The attractiveness of Bitcoin as collateral depends to a large extent on the bank's ability to hold bitcoin, manage margin calls and compulsory liquidation. If bitcoin prices fall rapidly, lenders need to ensure that borrowers add more bitcoin collateral to support the loan, or if the price continues to fall, there is a systematic selling solution. Having said that, bitcoin is very mobile. People can sell millions of dollars in bitcoin on the exchange or OTC market at a relatively low cost in a matter of seconds. Bitcoin clearing is much more economical than comparing the cost of these forms with the cost of recovering other forms of collateral in traditional loans.
Take the inventory of a manufacturing company as an example. If the manufacturing company defaults, the lender will be protected by the cash value of the equipment collateral. To truly realize this value, lenders will have to work with another company that specializes in selling equipment or parts. The costs associated with the partnership and the depreciation charge for the sale of the equipment. Most importantly, the value of this device is far less transparent than the value of Bitcoin. Clearing Bitcoin collateral is a much simpler process, and it will ultimately be more economical if the lender has the necessary procedures and has several tried and proven hosting solutions to hold the collateral.
Summarize BTC- based loan opportunities
BTC-based loans are still in the early stages, and there are not many large institutional lending institutions actively involved. The demand for cash in the digital asset market is high and seems to be growing. Because of this imbalance, cash lending rates may remain at a fairly high level until there is more supply, and yield opportunities may be more attractive than credit opportunities in traditional markets. Lenders who choose to participate ultimately need to be familiar with Bitcoin's infrastructure to properly manage the volatility and escrow risks in this area.

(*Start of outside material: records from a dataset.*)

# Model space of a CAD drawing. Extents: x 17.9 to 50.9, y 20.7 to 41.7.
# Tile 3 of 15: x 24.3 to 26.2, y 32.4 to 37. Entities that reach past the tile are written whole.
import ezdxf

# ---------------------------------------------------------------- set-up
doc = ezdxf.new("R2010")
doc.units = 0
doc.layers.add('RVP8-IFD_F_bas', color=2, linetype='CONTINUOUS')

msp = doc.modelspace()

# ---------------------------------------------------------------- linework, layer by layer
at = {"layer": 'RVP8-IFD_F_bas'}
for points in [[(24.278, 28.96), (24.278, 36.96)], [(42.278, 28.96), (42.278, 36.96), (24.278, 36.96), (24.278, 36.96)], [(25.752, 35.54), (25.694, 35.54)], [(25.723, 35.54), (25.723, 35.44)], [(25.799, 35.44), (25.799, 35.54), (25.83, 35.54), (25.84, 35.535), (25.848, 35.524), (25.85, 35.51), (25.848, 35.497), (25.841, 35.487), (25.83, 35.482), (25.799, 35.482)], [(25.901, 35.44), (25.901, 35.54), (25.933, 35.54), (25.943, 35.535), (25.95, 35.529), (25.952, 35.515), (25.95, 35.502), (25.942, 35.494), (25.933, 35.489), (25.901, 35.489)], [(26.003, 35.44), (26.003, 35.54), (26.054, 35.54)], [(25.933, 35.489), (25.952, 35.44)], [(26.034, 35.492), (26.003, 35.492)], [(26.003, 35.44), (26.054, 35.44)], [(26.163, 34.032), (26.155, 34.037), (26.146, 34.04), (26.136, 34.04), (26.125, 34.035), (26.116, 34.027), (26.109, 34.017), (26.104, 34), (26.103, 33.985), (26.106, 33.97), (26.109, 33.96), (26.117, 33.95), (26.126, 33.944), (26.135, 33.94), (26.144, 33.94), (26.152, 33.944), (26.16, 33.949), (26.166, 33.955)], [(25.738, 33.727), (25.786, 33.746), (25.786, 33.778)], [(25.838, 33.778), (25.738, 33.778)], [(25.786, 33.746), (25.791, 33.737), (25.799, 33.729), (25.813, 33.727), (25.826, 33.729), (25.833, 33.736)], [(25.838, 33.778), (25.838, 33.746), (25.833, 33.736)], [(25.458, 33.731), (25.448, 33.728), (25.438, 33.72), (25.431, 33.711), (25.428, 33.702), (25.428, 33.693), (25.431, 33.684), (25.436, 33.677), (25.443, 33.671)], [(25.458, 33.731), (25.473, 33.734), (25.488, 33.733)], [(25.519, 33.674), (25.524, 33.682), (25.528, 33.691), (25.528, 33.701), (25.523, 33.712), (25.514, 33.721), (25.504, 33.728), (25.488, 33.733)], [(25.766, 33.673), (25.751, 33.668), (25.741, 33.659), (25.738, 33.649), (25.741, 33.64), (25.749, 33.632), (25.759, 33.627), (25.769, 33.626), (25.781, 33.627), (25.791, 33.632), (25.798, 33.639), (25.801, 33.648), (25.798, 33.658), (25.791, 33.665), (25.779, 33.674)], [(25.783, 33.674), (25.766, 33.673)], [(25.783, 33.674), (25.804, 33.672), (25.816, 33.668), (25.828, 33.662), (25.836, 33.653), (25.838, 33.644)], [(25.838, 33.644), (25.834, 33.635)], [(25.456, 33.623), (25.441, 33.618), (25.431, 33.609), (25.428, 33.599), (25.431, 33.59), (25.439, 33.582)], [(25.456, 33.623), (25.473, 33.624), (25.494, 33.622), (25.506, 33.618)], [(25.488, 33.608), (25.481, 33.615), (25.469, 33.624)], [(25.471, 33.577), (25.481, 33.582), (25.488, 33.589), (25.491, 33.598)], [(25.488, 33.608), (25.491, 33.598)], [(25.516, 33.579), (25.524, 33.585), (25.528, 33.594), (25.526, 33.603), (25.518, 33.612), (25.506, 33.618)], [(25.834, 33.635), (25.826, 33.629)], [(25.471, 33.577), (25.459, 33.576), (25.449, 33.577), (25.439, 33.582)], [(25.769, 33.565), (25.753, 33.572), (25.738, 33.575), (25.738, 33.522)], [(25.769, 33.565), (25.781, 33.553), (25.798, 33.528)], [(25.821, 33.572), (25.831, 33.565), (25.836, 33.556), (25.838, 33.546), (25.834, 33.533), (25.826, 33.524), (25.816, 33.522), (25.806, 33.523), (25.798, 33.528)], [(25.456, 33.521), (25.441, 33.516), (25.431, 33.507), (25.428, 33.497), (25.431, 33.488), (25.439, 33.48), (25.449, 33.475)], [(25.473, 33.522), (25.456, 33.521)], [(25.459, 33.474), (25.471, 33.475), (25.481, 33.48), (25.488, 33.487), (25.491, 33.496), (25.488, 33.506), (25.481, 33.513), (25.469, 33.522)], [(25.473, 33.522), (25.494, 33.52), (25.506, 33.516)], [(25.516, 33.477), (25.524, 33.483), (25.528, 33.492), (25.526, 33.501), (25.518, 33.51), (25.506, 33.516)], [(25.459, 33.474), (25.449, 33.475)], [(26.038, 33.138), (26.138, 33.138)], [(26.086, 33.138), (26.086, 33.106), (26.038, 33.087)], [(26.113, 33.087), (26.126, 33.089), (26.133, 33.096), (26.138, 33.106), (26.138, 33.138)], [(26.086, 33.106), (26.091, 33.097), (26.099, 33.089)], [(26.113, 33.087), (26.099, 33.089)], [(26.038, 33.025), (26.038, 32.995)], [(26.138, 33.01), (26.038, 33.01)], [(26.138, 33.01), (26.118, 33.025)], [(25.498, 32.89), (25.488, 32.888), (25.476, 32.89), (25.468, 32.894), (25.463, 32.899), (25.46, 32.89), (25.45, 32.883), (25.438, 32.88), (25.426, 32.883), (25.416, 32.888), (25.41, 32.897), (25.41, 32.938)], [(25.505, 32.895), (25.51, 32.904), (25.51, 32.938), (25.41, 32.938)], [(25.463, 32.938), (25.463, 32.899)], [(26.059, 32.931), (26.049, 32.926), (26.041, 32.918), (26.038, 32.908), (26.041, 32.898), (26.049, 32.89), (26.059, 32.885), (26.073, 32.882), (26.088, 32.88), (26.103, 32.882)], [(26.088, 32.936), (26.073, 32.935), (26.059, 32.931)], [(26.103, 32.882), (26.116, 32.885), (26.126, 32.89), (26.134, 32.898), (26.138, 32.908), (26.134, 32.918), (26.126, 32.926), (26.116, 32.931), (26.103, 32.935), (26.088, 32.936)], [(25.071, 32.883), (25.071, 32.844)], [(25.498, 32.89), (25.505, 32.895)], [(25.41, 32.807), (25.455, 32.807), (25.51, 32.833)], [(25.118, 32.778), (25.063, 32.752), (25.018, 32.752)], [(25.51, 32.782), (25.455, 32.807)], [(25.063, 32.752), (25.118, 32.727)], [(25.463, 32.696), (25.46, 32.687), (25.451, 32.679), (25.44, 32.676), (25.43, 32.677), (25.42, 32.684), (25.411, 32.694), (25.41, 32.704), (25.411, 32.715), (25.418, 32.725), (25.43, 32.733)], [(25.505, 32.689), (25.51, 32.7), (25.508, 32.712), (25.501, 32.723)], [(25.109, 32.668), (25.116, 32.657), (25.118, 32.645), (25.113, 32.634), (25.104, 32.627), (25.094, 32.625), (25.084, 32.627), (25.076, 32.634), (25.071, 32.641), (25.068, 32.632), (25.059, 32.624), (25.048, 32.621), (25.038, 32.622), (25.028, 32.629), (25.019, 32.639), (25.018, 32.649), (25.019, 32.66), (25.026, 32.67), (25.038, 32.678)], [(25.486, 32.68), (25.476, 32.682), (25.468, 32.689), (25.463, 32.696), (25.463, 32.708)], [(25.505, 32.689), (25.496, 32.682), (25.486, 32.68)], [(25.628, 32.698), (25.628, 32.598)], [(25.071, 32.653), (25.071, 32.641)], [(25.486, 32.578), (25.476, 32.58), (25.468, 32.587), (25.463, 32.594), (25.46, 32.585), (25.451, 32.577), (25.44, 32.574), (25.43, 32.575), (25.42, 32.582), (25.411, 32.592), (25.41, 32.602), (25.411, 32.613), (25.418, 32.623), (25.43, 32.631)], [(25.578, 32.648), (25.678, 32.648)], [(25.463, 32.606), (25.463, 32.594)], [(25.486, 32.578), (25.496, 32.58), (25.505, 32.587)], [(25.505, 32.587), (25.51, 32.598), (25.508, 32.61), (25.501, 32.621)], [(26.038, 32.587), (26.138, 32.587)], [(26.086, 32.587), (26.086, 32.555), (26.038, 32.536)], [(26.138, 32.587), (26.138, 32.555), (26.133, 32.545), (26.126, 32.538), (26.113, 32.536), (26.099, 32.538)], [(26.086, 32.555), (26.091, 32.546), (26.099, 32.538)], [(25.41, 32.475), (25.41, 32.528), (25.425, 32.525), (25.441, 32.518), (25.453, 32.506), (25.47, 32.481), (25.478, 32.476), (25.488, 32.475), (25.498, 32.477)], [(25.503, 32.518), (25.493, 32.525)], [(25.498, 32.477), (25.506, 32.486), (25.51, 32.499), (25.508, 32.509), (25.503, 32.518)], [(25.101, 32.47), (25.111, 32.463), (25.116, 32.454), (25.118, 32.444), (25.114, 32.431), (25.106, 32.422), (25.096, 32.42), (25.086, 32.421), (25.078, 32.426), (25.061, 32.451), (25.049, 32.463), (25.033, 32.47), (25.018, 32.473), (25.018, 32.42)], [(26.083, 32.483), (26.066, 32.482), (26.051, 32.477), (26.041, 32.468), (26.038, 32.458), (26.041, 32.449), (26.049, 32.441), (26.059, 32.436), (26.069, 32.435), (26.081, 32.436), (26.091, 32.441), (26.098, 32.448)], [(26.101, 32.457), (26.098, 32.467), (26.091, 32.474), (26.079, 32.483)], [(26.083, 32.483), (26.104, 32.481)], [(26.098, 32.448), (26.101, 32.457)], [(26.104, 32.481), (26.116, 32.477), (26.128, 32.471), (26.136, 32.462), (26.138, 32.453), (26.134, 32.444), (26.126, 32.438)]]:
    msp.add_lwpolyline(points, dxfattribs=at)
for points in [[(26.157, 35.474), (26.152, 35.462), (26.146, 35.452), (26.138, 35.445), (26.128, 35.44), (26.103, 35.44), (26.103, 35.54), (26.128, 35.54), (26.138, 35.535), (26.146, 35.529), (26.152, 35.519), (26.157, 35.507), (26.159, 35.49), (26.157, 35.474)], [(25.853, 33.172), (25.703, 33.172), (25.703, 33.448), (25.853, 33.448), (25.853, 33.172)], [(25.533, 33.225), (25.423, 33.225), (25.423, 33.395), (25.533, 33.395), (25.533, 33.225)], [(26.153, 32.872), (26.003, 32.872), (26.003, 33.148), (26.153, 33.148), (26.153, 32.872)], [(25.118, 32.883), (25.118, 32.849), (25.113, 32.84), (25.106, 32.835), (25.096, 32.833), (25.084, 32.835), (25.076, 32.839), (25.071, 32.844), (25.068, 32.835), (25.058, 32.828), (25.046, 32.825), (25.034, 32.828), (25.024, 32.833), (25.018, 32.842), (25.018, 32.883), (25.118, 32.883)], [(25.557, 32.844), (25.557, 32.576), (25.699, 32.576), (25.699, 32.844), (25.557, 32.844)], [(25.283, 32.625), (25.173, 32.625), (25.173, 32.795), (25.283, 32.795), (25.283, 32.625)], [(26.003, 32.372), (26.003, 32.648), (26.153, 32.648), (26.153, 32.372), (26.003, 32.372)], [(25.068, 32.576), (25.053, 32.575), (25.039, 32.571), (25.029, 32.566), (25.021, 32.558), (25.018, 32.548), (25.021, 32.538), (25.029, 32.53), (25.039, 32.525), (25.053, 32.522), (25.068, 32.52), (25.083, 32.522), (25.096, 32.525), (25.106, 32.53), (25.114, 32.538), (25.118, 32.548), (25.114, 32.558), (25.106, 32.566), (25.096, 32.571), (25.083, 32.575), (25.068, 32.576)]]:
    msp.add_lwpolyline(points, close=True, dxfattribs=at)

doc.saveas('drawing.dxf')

We will continue to update Blocking; if you have any questions or suggestions, please contact us!
Was this article helpful?
93 out of 132 found this helpful
Related articles
- SpaceX also engages in IEO? Musk is forced
- How to develop a "no coin" public chain?
- QKL123 market analysis | Federal Reserve cut interest rates as scheduled, safe-haven assets fluctuate (1031)
- The German Banking Association published a paper calling for the establishment of a programmable digital euro
- Top 10 DeFi Big Chain Life
- Everything you want to know: details of the first disclosure of Bitcoin options on the Chicago Mercantile Exchange
- This man knows cryptocurrency better than Zuckerberg.